The functions of the various elements shown in the drawings may be provided through the use of dedicated hardware as well as hardware capable of executing software in association with appropriate software. When provided by a processor, the functions may be provided by a single dedicated processor, by a single shared processor, or by a plurality of individual processors, some of which may be shared. Moreover, explicit use of the term “processor” or “controller” should not be construed to refer exclusively to hardware capable of executing software, and may implicitly include, without limitation, digital signal processor (“DSP”) hardware, read only memory (“ROM”) for storing software, random access memory (“RAM”), and nonvolatile storage.
Other hardware, conventional and/or custom, may also be included. Similarly, any switches shown in the drawings are conceptual only. Their function may be carried out through the operation of program logic, through dedicated logic, through the interaction of program control and dedicated logic, or even manually, the particular technique being selectable by the implementer as more specifically understood from the context.

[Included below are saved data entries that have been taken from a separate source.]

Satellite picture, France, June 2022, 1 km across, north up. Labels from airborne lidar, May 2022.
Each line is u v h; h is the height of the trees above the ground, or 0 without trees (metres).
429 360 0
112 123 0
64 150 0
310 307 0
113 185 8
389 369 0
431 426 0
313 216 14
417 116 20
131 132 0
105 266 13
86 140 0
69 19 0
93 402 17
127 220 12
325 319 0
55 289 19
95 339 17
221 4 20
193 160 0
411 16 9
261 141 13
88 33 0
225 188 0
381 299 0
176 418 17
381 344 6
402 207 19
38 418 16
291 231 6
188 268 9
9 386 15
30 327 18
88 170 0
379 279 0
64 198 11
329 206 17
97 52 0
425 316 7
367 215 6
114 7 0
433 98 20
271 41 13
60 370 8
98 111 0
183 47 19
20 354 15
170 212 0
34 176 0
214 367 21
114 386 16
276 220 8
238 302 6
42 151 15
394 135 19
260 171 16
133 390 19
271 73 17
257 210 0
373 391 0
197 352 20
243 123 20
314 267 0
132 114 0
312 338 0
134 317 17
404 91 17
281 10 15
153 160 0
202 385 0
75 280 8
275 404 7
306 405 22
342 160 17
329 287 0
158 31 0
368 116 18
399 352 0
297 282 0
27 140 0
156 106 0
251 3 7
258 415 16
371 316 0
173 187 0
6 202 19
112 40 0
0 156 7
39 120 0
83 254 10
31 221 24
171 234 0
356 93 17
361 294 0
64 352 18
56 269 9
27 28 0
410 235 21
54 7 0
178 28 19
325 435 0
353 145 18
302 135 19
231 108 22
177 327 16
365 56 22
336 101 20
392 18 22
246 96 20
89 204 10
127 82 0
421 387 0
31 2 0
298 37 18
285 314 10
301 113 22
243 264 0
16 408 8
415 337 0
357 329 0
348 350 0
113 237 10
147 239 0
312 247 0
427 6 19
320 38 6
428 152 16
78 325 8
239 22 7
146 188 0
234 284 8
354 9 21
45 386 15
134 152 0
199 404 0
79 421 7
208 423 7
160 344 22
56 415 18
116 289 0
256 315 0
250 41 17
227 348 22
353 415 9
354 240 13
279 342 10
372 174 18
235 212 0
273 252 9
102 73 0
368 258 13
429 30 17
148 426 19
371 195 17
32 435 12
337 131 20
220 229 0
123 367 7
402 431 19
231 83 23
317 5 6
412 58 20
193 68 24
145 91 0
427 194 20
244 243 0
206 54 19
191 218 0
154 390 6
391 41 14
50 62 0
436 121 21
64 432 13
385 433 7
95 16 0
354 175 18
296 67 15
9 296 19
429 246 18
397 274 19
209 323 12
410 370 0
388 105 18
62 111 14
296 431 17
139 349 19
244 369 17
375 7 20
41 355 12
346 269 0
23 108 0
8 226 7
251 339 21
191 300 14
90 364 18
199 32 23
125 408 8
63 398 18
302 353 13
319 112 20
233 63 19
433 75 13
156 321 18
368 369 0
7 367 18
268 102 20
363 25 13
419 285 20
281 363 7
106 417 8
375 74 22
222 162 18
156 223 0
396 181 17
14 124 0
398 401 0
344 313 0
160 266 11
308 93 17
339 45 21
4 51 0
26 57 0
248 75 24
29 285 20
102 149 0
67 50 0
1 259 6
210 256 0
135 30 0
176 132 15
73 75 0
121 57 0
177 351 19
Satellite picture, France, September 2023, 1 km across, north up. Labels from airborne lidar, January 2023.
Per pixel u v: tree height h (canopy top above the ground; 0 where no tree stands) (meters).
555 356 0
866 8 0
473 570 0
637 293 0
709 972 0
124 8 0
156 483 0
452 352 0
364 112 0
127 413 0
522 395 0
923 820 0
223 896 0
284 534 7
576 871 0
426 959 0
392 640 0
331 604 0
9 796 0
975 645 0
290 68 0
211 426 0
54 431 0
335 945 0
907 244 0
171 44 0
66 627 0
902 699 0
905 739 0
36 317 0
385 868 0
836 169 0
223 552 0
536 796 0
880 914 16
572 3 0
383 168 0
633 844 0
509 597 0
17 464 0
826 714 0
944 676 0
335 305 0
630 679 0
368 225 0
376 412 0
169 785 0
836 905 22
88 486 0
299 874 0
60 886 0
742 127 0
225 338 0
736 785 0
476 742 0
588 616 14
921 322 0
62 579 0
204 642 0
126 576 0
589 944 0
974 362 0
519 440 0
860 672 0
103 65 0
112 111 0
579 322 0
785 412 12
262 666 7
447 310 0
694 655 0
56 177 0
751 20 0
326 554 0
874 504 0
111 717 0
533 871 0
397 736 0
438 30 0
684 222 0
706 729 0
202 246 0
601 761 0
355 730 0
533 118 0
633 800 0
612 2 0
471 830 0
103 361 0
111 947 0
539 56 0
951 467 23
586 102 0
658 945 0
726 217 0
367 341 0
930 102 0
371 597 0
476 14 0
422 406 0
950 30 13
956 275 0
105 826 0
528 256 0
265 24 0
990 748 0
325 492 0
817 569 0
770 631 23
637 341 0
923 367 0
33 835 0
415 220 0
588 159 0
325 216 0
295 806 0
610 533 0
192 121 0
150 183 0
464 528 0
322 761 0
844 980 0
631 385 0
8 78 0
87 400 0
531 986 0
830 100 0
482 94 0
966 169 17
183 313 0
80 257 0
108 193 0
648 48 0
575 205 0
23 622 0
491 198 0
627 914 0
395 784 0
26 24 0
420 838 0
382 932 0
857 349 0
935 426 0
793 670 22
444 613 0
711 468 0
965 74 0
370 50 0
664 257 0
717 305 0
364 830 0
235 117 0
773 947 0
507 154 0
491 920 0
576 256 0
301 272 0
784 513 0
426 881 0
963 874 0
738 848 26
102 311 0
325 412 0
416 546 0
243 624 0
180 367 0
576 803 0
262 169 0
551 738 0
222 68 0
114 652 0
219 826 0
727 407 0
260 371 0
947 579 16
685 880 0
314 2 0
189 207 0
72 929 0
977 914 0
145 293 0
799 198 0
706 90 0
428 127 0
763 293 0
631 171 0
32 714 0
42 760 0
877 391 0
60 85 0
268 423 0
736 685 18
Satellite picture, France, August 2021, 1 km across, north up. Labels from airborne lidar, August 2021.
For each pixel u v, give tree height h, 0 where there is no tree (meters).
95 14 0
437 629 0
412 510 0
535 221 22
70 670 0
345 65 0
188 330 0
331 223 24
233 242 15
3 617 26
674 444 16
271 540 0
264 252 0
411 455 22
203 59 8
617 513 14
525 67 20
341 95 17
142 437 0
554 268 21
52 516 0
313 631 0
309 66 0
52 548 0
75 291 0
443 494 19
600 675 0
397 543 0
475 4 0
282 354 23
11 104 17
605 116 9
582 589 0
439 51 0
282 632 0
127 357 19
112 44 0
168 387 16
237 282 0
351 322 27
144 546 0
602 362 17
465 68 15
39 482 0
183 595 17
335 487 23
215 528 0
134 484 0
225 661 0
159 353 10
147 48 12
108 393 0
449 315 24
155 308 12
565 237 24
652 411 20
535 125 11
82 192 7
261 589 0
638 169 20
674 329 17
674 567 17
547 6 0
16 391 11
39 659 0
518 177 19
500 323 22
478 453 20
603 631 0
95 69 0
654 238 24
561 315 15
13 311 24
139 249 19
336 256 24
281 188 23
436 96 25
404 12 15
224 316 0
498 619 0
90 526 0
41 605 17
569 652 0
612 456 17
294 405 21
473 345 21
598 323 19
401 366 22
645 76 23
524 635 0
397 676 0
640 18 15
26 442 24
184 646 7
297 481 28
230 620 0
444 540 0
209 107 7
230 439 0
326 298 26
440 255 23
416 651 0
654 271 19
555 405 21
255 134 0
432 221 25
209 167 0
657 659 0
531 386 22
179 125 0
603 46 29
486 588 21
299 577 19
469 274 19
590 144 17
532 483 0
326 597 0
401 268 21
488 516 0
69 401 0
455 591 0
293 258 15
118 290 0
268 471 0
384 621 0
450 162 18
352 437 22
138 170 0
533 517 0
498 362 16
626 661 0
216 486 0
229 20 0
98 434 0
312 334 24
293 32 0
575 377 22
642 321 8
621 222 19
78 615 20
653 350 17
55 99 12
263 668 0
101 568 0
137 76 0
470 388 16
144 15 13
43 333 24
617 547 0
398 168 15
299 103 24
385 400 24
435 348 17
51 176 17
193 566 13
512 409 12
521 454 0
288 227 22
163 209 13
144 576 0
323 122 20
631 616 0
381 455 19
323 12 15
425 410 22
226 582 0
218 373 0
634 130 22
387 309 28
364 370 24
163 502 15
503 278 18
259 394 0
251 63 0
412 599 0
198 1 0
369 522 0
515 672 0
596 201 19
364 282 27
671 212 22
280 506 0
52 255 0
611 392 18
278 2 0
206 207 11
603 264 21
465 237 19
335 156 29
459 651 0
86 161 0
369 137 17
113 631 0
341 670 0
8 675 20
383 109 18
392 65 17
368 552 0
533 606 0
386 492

In the claims hereof, any element expressed as a means for performing a specified function is intended to encompass any way of performing that function including, for example, a) a combination of circuit elements that performs that function or b) software in any form, including, therefore, firmware, microcode or the like, combined with appropriate circuitry for executing that software to perform the function. The invention as defined by such claims resides in the fact that the functionalities provided by the various recited means are combined and brought together in the manner which the claims call for. It is thus regarded that any means that can provide those functionalities are equivalent to those shown herein.
Most existing image processing techniques operate on an image pixel level, and use low level features, such as brightness and color information. Most of these techniques exploit statistical models based on spatial correlation to achieve better result. If multiple frames of the images are available, frame correlation can also be exploited to improve the image processing result. However, because image processing is based on low level features of the image, image processing sometimes not only fails to remove the existing artifacts, but also introduces additional artifacts into the image. Semantic content-based image processing is still a challenge today.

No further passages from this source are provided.